:: Task to complete ::
Scan the data below for lines holding the word "boot", and copy each line found.

:: Data listing ::
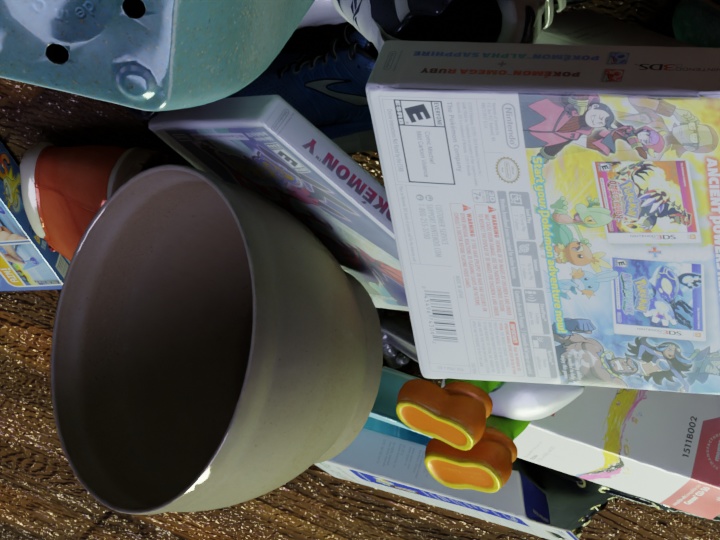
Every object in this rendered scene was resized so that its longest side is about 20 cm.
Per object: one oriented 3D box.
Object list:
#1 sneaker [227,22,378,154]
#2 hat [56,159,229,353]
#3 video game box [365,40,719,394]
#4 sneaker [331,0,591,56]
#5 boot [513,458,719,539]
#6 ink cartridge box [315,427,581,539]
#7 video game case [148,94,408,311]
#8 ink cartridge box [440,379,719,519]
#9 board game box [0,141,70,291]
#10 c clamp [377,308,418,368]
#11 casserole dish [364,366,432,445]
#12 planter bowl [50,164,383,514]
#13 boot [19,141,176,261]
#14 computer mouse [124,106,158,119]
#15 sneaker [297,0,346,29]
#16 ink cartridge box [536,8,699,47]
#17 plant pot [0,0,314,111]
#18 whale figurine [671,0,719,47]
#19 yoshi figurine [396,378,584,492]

:: Your response ::
#5 boot [513,458,719,539]
#13 boot [19,141,176,261]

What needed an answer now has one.